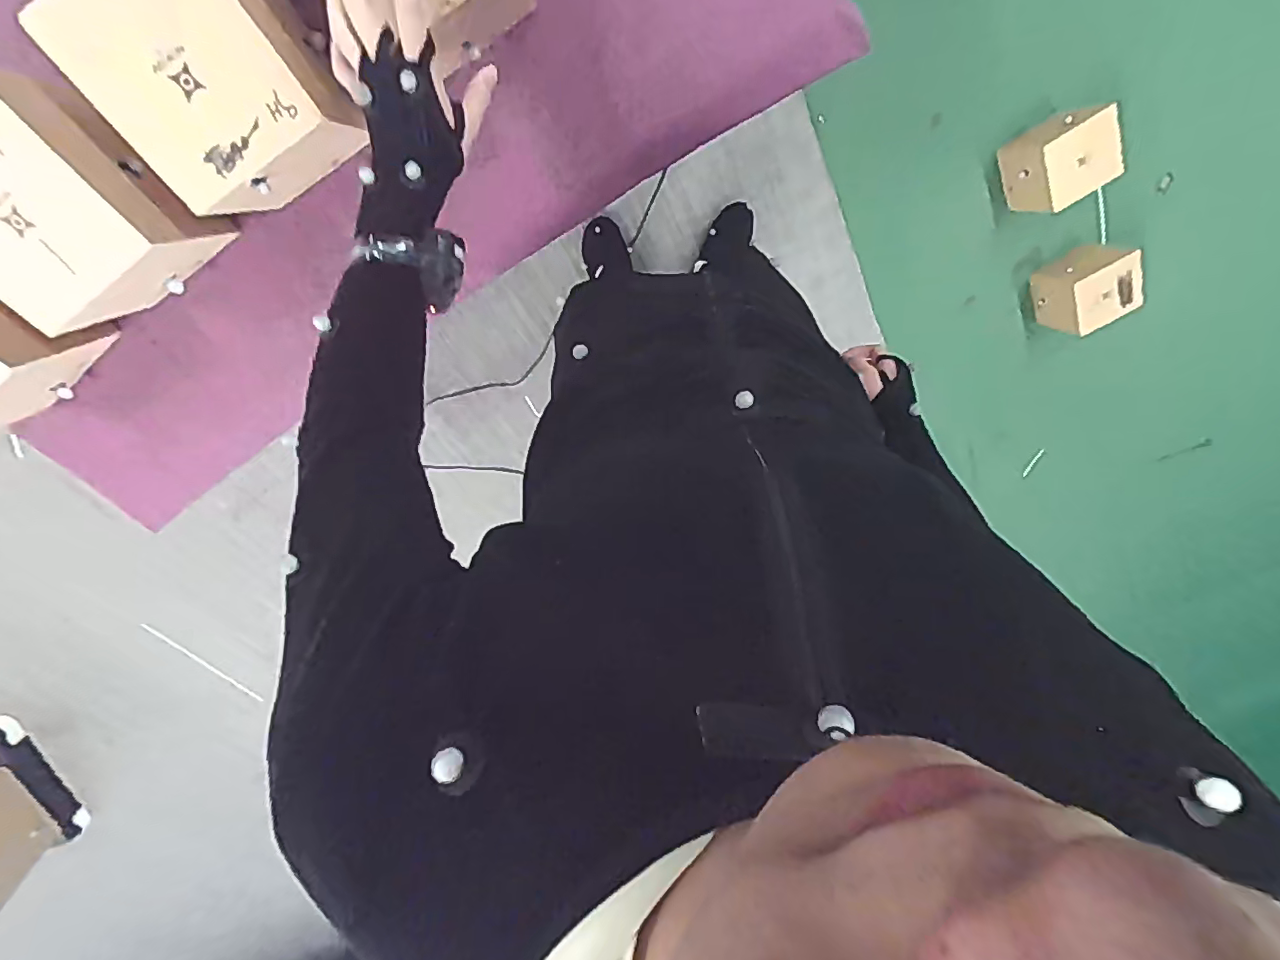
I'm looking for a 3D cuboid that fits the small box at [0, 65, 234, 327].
[{"bbox_3d":[-0.608,-0.299,0.586,0.168,0.176,0.179,-31,119,11],"label":"small box"}]

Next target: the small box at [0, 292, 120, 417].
[{"bbox_3d":[-0.796,-0.179,0.633,0.168,0.176,0.179,-35,118,13],"label":"small box"}]

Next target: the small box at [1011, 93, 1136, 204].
[{"bbox_3d":[1.050,-0.802,1.325,0.179,0.176,0.168,-31,118,10],"label":"small box"}]

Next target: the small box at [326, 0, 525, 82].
[{"bbox_3d":[-0.226,-0.518,0.506,0.168,0.176,0.179,-29,119,11],"label":"small box"}]
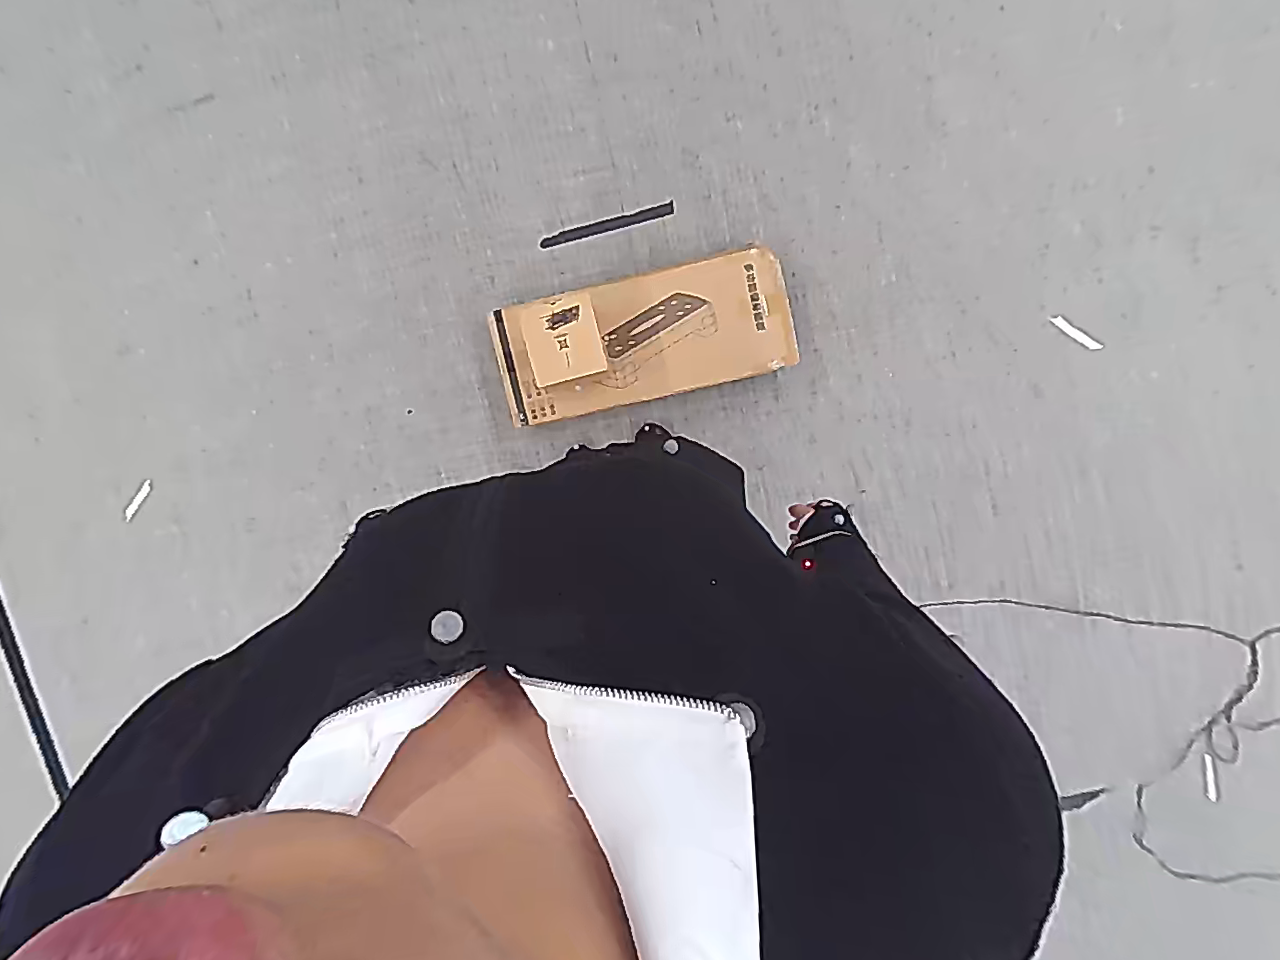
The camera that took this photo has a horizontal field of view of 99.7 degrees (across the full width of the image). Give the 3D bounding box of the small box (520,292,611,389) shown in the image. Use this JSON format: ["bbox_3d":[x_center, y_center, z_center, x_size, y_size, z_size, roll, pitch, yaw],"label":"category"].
[{"bbox_3d":[-0.168,-0.320,1.274,0.168,0.176,0.179,-14,96,3],"label":"small box"}]

--

Provide an exact copy of the records, excluding every picture.

[Output of the task]
I'm looking for a 3D cuboid that fits the small box at [0, 65, 234, 327].
[{"bbox_3d":[-0.608,-0.299,0.586,0.168,0.176,0.179,-31,119,11],"label":"small box"}]

Next target: the small box at [0, 292, 120, 417].
[{"bbox_3d":[-0.796,-0.179,0.633,0.168,0.176,0.179,-35,118,13],"label":"small box"}]

Next target: the small box at [1011, 93, 1136, 204].
[{"bbox_3d":[1.050,-0.802,1.325,0.179,0.176,0.168,-31,118,10],"label":"small box"}]

Next target: the small box at [326, 0, 525, 82].
[{"bbox_3d":[-0.226,-0.518,0.506,0.168,0.176,0.179,-29,119,11],"label":"small box"}]
The camera that took this photo has a horizontal field of view of 99.7 degrees (across the full width of the image). Give the 3D bounding box of the small box (520,292,611,389) shown in the image. Use this JSON format: ["bbox_3d":[x_center, y_center, z_center, x_size, y_size, z_size, roll, pitch, yaw],"label":"category"].
[{"bbox_3d":[-0.168,-0.320,1.274,0.168,0.176,0.179,-14,96,3],"label":"small box"}]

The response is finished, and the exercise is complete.